──────── Record set ────────

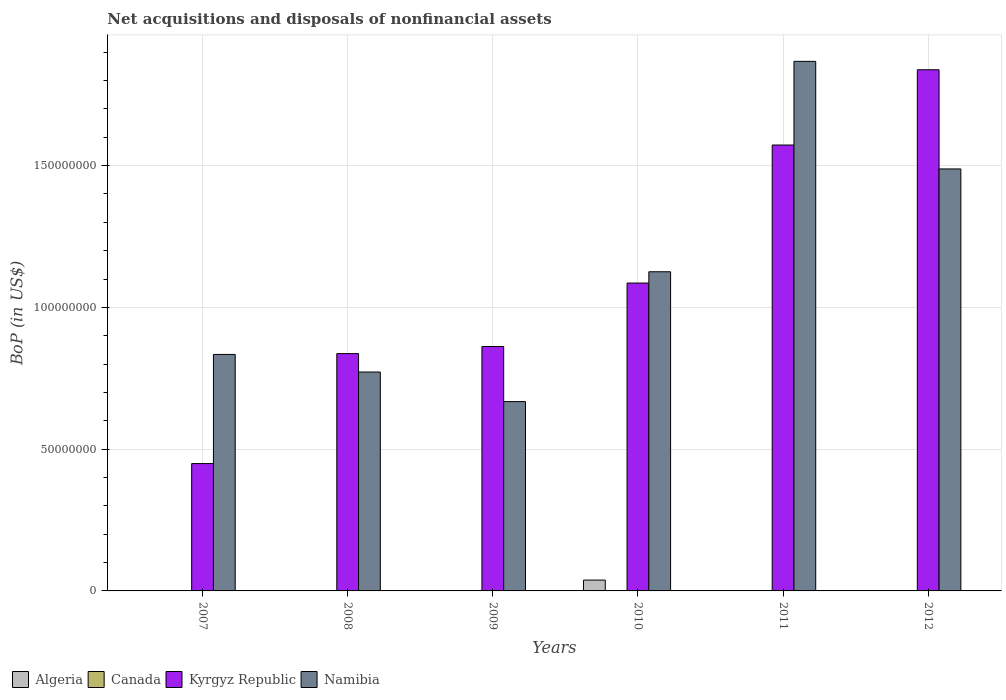How many different coloured bars are there?
Ensure brevity in your answer.  3. How many groups of bars are there?
Your answer should be compact. 6. Are the number of bars on each tick of the X-axis equal?
Provide a succinct answer. No. How many bars are there on the 1st tick from the left?
Ensure brevity in your answer.  2. How many bars are there on the 6th tick from the right?
Make the answer very short. 2. In how many cases, is the number of bars for a given year not equal to the number of legend labels?
Your answer should be very brief. 6. What is the Balance of Payments in Namibia in 2009?
Your answer should be compact. 6.68e+07. Across all years, what is the maximum Balance of Payments in Algeria?
Your answer should be compact. 3.82e+06. Across all years, what is the minimum Balance of Payments in Kyrgyz Republic?
Give a very brief answer. 4.49e+07. What is the total Balance of Payments in Kyrgyz Republic in the graph?
Your answer should be very brief. 6.64e+08. What is the difference between the Balance of Payments in Namibia in 2009 and that in 2012?
Offer a very short reply. -8.21e+07. What is the difference between the Balance of Payments in Canada in 2008 and the Balance of Payments in Kyrgyz Republic in 2007?
Keep it short and to the point. -4.49e+07. What is the average Balance of Payments in Namibia per year?
Ensure brevity in your answer.  1.13e+08. In the year 2010, what is the difference between the Balance of Payments in Namibia and Balance of Payments in Kyrgyz Republic?
Offer a terse response. 3.98e+06. In how many years, is the Balance of Payments in Algeria greater than 70000000 US$?
Make the answer very short. 0. What is the ratio of the Balance of Payments in Namibia in 2008 to that in 2011?
Provide a short and direct response. 0.41. What is the difference between the highest and the second highest Balance of Payments in Namibia?
Make the answer very short. 3.79e+07. What is the difference between the highest and the lowest Balance of Payments in Algeria?
Your response must be concise. 3.82e+06. In how many years, is the Balance of Payments in Namibia greater than the average Balance of Payments in Namibia taken over all years?
Your answer should be compact. 2. Is it the case that in every year, the sum of the Balance of Payments in Algeria and Balance of Payments in Namibia is greater than the sum of Balance of Payments in Kyrgyz Republic and Balance of Payments in Canada?
Your answer should be very brief. No. How many years are there in the graph?
Offer a terse response. 6. Does the graph contain any zero values?
Give a very brief answer. Yes. Does the graph contain grids?
Your answer should be compact. Yes. Where does the legend appear in the graph?
Ensure brevity in your answer.  Bottom left. How many legend labels are there?
Offer a terse response. 4. How are the legend labels stacked?
Your answer should be compact. Horizontal. What is the title of the graph?
Provide a succinct answer. Net acquisitions and disposals of nonfinancial assets. What is the label or title of the Y-axis?
Your answer should be compact. BoP (in US$). What is the BoP (in US$) in Kyrgyz Republic in 2007?
Your answer should be very brief. 4.49e+07. What is the BoP (in US$) in Namibia in 2007?
Provide a succinct answer. 8.34e+07. What is the BoP (in US$) in Algeria in 2008?
Offer a terse response. 0. What is the BoP (in US$) of Canada in 2008?
Your answer should be very brief. 0. What is the BoP (in US$) of Kyrgyz Republic in 2008?
Your response must be concise. 8.37e+07. What is the BoP (in US$) in Namibia in 2008?
Give a very brief answer. 7.72e+07. What is the BoP (in US$) of Kyrgyz Republic in 2009?
Ensure brevity in your answer.  8.62e+07. What is the BoP (in US$) of Namibia in 2009?
Offer a terse response. 6.68e+07. What is the BoP (in US$) in Algeria in 2010?
Keep it short and to the point. 3.82e+06. What is the BoP (in US$) in Canada in 2010?
Provide a succinct answer. 0. What is the BoP (in US$) in Kyrgyz Republic in 2010?
Ensure brevity in your answer.  1.09e+08. What is the BoP (in US$) of Namibia in 2010?
Offer a terse response. 1.13e+08. What is the BoP (in US$) of Algeria in 2011?
Keep it short and to the point. 0. What is the BoP (in US$) of Canada in 2011?
Your response must be concise. 0. What is the BoP (in US$) in Kyrgyz Republic in 2011?
Offer a very short reply. 1.57e+08. What is the BoP (in US$) in Namibia in 2011?
Provide a short and direct response. 1.87e+08. What is the BoP (in US$) in Canada in 2012?
Your response must be concise. 0. What is the BoP (in US$) of Kyrgyz Republic in 2012?
Offer a terse response. 1.84e+08. What is the BoP (in US$) of Namibia in 2012?
Ensure brevity in your answer.  1.49e+08. Across all years, what is the maximum BoP (in US$) in Algeria?
Give a very brief answer. 3.82e+06. Across all years, what is the maximum BoP (in US$) in Kyrgyz Republic?
Give a very brief answer. 1.84e+08. Across all years, what is the maximum BoP (in US$) of Namibia?
Your answer should be compact. 1.87e+08. Across all years, what is the minimum BoP (in US$) of Algeria?
Provide a succinct answer. 0. Across all years, what is the minimum BoP (in US$) in Kyrgyz Republic?
Provide a succinct answer. 4.49e+07. Across all years, what is the minimum BoP (in US$) in Namibia?
Provide a short and direct response. 6.68e+07. What is the total BoP (in US$) of Algeria in the graph?
Give a very brief answer. 3.82e+06. What is the total BoP (in US$) in Kyrgyz Republic in the graph?
Your answer should be very brief. 6.64e+08. What is the total BoP (in US$) of Namibia in the graph?
Give a very brief answer. 6.76e+08. What is the difference between the BoP (in US$) in Kyrgyz Republic in 2007 and that in 2008?
Offer a very short reply. -3.88e+07. What is the difference between the BoP (in US$) in Namibia in 2007 and that in 2008?
Provide a short and direct response. 6.20e+06. What is the difference between the BoP (in US$) in Kyrgyz Republic in 2007 and that in 2009?
Your answer should be compact. -4.13e+07. What is the difference between the BoP (in US$) of Namibia in 2007 and that in 2009?
Offer a terse response. 1.66e+07. What is the difference between the BoP (in US$) of Kyrgyz Republic in 2007 and that in 2010?
Provide a short and direct response. -6.37e+07. What is the difference between the BoP (in US$) in Namibia in 2007 and that in 2010?
Ensure brevity in your answer.  -2.92e+07. What is the difference between the BoP (in US$) in Kyrgyz Republic in 2007 and that in 2011?
Keep it short and to the point. -1.12e+08. What is the difference between the BoP (in US$) in Namibia in 2007 and that in 2011?
Provide a succinct answer. -1.03e+08. What is the difference between the BoP (in US$) in Kyrgyz Republic in 2007 and that in 2012?
Your answer should be very brief. -1.39e+08. What is the difference between the BoP (in US$) of Namibia in 2007 and that in 2012?
Provide a succinct answer. -6.54e+07. What is the difference between the BoP (in US$) in Kyrgyz Republic in 2008 and that in 2009?
Offer a very short reply. -2.51e+06. What is the difference between the BoP (in US$) in Namibia in 2008 and that in 2009?
Give a very brief answer. 1.04e+07. What is the difference between the BoP (in US$) in Kyrgyz Republic in 2008 and that in 2010?
Your answer should be compact. -2.49e+07. What is the difference between the BoP (in US$) of Namibia in 2008 and that in 2010?
Provide a short and direct response. -3.54e+07. What is the difference between the BoP (in US$) of Kyrgyz Republic in 2008 and that in 2011?
Offer a very short reply. -7.36e+07. What is the difference between the BoP (in US$) of Namibia in 2008 and that in 2011?
Your answer should be very brief. -1.10e+08. What is the difference between the BoP (in US$) in Kyrgyz Republic in 2008 and that in 2012?
Your answer should be compact. -1.00e+08. What is the difference between the BoP (in US$) of Namibia in 2008 and that in 2012?
Your response must be concise. -7.16e+07. What is the difference between the BoP (in US$) in Kyrgyz Republic in 2009 and that in 2010?
Offer a terse response. -2.24e+07. What is the difference between the BoP (in US$) in Namibia in 2009 and that in 2010?
Provide a short and direct response. -4.58e+07. What is the difference between the BoP (in US$) in Kyrgyz Republic in 2009 and that in 2011?
Offer a terse response. -7.11e+07. What is the difference between the BoP (in US$) in Namibia in 2009 and that in 2011?
Offer a terse response. -1.20e+08. What is the difference between the BoP (in US$) in Kyrgyz Republic in 2009 and that in 2012?
Your response must be concise. -9.76e+07. What is the difference between the BoP (in US$) of Namibia in 2009 and that in 2012?
Give a very brief answer. -8.21e+07. What is the difference between the BoP (in US$) in Kyrgyz Republic in 2010 and that in 2011?
Your response must be concise. -4.87e+07. What is the difference between the BoP (in US$) of Namibia in 2010 and that in 2011?
Provide a short and direct response. -7.42e+07. What is the difference between the BoP (in US$) of Kyrgyz Republic in 2010 and that in 2012?
Offer a very short reply. -7.52e+07. What is the difference between the BoP (in US$) of Namibia in 2010 and that in 2012?
Keep it short and to the point. -3.63e+07. What is the difference between the BoP (in US$) of Kyrgyz Republic in 2011 and that in 2012?
Provide a short and direct response. -2.65e+07. What is the difference between the BoP (in US$) of Namibia in 2011 and that in 2012?
Your answer should be very brief. 3.79e+07. What is the difference between the BoP (in US$) of Kyrgyz Republic in 2007 and the BoP (in US$) of Namibia in 2008?
Provide a short and direct response. -3.23e+07. What is the difference between the BoP (in US$) of Kyrgyz Republic in 2007 and the BoP (in US$) of Namibia in 2009?
Ensure brevity in your answer.  -2.19e+07. What is the difference between the BoP (in US$) of Kyrgyz Republic in 2007 and the BoP (in US$) of Namibia in 2010?
Provide a short and direct response. -6.76e+07. What is the difference between the BoP (in US$) of Kyrgyz Republic in 2007 and the BoP (in US$) of Namibia in 2011?
Offer a very short reply. -1.42e+08. What is the difference between the BoP (in US$) in Kyrgyz Republic in 2007 and the BoP (in US$) in Namibia in 2012?
Keep it short and to the point. -1.04e+08. What is the difference between the BoP (in US$) in Kyrgyz Republic in 2008 and the BoP (in US$) in Namibia in 2009?
Offer a very short reply. 1.69e+07. What is the difference between the BoP (in US$) in Kyrgyz Republic in 2008 and the BoP (in US$) in Namibia in 2010?
Your answer should be very brief. -2.89e+07. What is the difference between the BoP (in US$) of Kyrgyz Republic in 2008 and the BoP (in US$) of Namibia in 2011?
Offer a very short reply. -1.03e+08. What is the difference between the BoP (in US$) of Kyrgyz Republic in 2008 and the BoP (in US$) of Namibia in 2012?
Your answer should be compact. -6.51e+07. What is the difference between the BoP (in US$) of Kyrgyz Republic in 2009 and the BoP (in US$) of Namibia in 2010?
Provide a succinct answer. -2.64e+07. What is the difference between the BoP (in US$) of Kyrgyz Republic in 2009 and the BoP (in US$) of Namibia in 2011?
Your answer should be compact. -1.01e+08. What is the difference between the BoP (in US$) in Kyrgyz Republic in 2009 and the BoP (in US$) in Namibia in 2012?
Provide a succinct answer. -6.26e+07. What is the difference between the BoP (in US$) in Algeria in 2010 and the BoP (in US$) in Kyrgyz Republic in 2011?
Offer a terse response. -1.53e+08. What is the difference between the BoP (in US$) in Algeria in 2010 and the BoP (in US$) in Namibia in 2011?
Offer a very short reply. -1.83e+08. What is the difference between the BoP (in US$) in Kyrgyz Republic in 2010 and the BoP (in US$) in Namibia in 2011?
Your response must be concise. -7.82e+07. What is the difference between the BoP (in US$) of Algeria in 2010 and the BoP (in US$) of Kyrgyz Republic in 2012?
Your response must be concise. -1.80e+08. What is the difference between the BoP (in US$) in Algeria in 2010 and the BoP (in US$) in Namibia in 2012?
Ensure brevity in your answer.  -1.45e+08. What is the difference between the BoP (in US$) of Kyrgyz Republic in 2010 and the BoP (in US$) of Namibia in 2012?
Make the answer very short. -4.02e+07. What is the difference between the BoP (in US$) of Kyrgyz Republic in 2011 and the BoP (in US$) of Namibia in 2012?
Offer a very short reply. 8.43e+06. What is the average BoP (in US$) of Algeria per year?
Your response must be concise. 6.37e+05. What is the average BoP (in US$) in Kyrgyz Republic per year?
Provide a succinct answer. 1.11e+08. What is the average BoP (in US$) of Namibia per year?
Offer a terse response. 1.13e+08. In the year 2007, what is the difference between the BoP (in US$) in Kyrgyz Republic and BoP (in US$) in Namibia?
Keep it short and to the point. -3.85e+07. In the year 2008, what is the difference between the BoP (in US$) in Kyrgyz Republic and BoP (in US$) in Namibia?
Make the answer very short. 6.49e+06. In the year 2009, what is the difference between the BoP (in US$) of Kyrgyz Republic and BoP (in US$) of Namibia?
Ensure brevity in your answer.  1.94e+07. In the year 2010, what is the difference between the BoP (in US$) in Algeria and BoP (in US$) in Kyrgyz Republic?
Provide a short and direct response. -1.05e+08. In the year 2010, what is the difference between the BoP (in US$) of Algeria and BoP (in US$) of Namibia?
Your answer should be compact. -1.09e+08. In the year 2010, what is the difference between the BoP (in US$) in Kyrgyz Republic and BoP (in US$) in Namibia?
Offer a terse response. -3.98e+06. In the year 2011, what is the difference between the BoP (in US$) in Kyrgyz Republic and BoP (in US$) in Namibia?
Offer a very short reply. -2.95e+07. In the year 2012, what is the difference between the BoP (in US$) in Kyrgyz Republic and BoP (in US$) in Namibia?
Give a very brief answer. 3.50e+07. What is the ratio of the BoP (in US$) of Kyrgyz Republic in 2007 to that in 2008?
Provide a succinct answer. 0.54. What is the ratio of the BoP (in US$) in Namibia in 2007 to that in 2008?
Give a very brief answer. 1.08. What is the ratio of the BoP (in US$) of Kyrgyz Republic in 2007 to that in 2009?
Your response must be concise. 0.52. What is the ratio of the BoP (in US$) of Namibia in 2007 to that in 2009?
Your answer should be very brief. 1.25. What is the ratio of the BoP (in US$) of Kyrgyz Republic in 2007 to that in 2010?
Provide a succinct answer. 0.41. What is the ratio of the BoP (in US$) in Namibia in 2007 to that in 2010?
Provide a short and direct response. 0.74. What is the ratio of the BoP (in US$) of Kyrgyz Republic in 2007 to that in 2011?
Offer a very short reply. 0.29. What is the ratio of the BoP (in US$) in Namibia in 2007 to that in 2011?
Your answer should be compact. 0.45. What is the ratio of the BoP (in US$) in Kyrgyz Republic in 2007 to that in 2012?
Make the answer very short. 0.24. What is the ratio of the BoP (in US$) of Namibia in 2007 to that in 2012?
Provide a succinct answer. 0.56. What is the ratio of the BoP (in US$) in Kyrgyz Republic in 2008 to that in 2009?
Your response must be concise. 0.97. What is the ratio of the BoP (in US$) in Namibia in 2008 to that in 2009?
Provide a succinct answer. 1.16. What is the ratio of the BoP (in US$) of Kyrgyz Republic in 2008 to that in 2010?
Your response must be concise. 0.77. What is the ratio of the BoP (in US$) in Namibia in 2008 to that in 2010?
Your response must be concise. 0.69. What is the ratio of the BoP (in US$) in Kyrgyz Republic in 2008 to that in 2011?
Keep it short and to the point. 0.53. What is the ratio of the BoP (in US$) in Namibia in 2008 to that in 2011?
Make the answer very short. 0.41. What is the ratio of the BoP (in US$) of Kyrgyz Republic in 2008 to that in 2012?
Provide a short and direct response. 0.46. What is the ratio of the BoP (in US$) in Namibia in 2008 to that in 2012?
Offer a very short reply. 0.52. What is the ratio of the BoP (in US$) of Kyrgyz Republic in 2009 to that in 2010?
Provide a short and direct response. 0.79. What is the ratio of the BoP (in US$) in Namibia in 2009 to that in 2010?
Your answer should be very brief. 0.59. What is the ratio of the BoP (in US$) of Kyrgyz Republic in 2009 to that in 2011?
Your response must be concise. 0.55. What is the ratio of the BoP (in US$) in Namibia in 2009 to that in 2011?
Provide a short and direct response. 0.36. What is the ratio of the BoP (in US$) in Kyrgyz Republic in 2009 to that in 2012?
Your response must be concise. 0.47. What is the ratio of the BoP (in US$) in Namibia in 2009 to that in 2012?
Provide a short and direct response. 0.45. What is the ratio of the BoP (in US$) of Kyrgyz Republic in 2010 to that in 2011?
Keep it short and to the point. 0.69. What is the ratio of the BoP (in US$) of Namibia in 2010 to that in 2011?
Give a very brief answer. 0.6. What is the ratio of the BoP (in US$) of Kyrgyz Republic in 2010 to that in 2012?
Your answer should be compact. 0.59. What is the ratio of the BoP (in US$) in Namibia in 2010 to that in 2012?
Ensure brevity in your answer.  0.76. What is the ratio of the BoP (in US$) of Kyrgyz Republic in 2011 to that in 2012?
Provide a succinct answer. 0.86. What is the ratio of the BoP (in US$) of Namibia in 2011 to that in 2012?
Your answer should be very brief. 1.25. What is the difference between the highest and the second highest BoP (in US$) in Kyrgyz Republic?
Your response must be concise. 2.65e+07. What is the difference between the highest and the second highest BoP (in US$) of Namibia?
Your response must be concise. 3.79e+07. What is the difference between the highest and the lowest BoP (in US$) in Algeria?
Make the answer very short. 3.82e+06. What is the difference between the highest and the lowest BoP (in US$) of Kyrgyz Republic?
Your answer should be compact. 1.39e+08. What is the difference between the highest and the lowest BoP (in US$) of Namibia?
Offer a very short reply. 1.20e+08.

────────

Task objective :: Above are the records. Copy the lines beginning at the one that has "maximum BoP (in US$) in Algeria?" and ending with the one that has "Offer a very short reply. -3.88e+07.", unchanged.

Task result ::
Ensure brevity in your answer.  1.49e+08. Across all years, what is the maximum BoP (in US$) in Algeria?
Give a very brief answer. 3.82e+06. Across all years, what is the maximum BoP (in US$) in Kyrgyz Republic?
Give a very brief answer. 1.84e+08. Across all years, what is the maximum BoP (in US$) of Namibia?
Your answer should be compact. 1.87e+08. Across all years, what is the minimum BoP (in US$) of Algeria?
Provide a succinct answer. 0. Across all years, what is the minimum BoP (in US$) in Kyrgyz Republic?
Provide a succinct answer. 4.49e+07. Across all years, what is the minimum BoP (in US$) in Namibia?
Provide a short and direct response. 6.68e+07. What is the total BoP (in US$) of Algeria in the graph?
Give a very brief answer. 3.82e+06. What is the total BoP (in US$) in Kyrgyz Republic in the graph?
Your answer should be very brief. 6.64e+08. What is the total BoP (in US$) of Namibia in the graph?
Give a very brief answer. 6.76e+08. What is the difference between the BoP (in US$) in Kyrgyz Republic in 2007 and that in 2008?
Offer a very short reply. -3.88e+07. What is the difference between the BoP (in US$) in Namibia in 2007 and that in 2008?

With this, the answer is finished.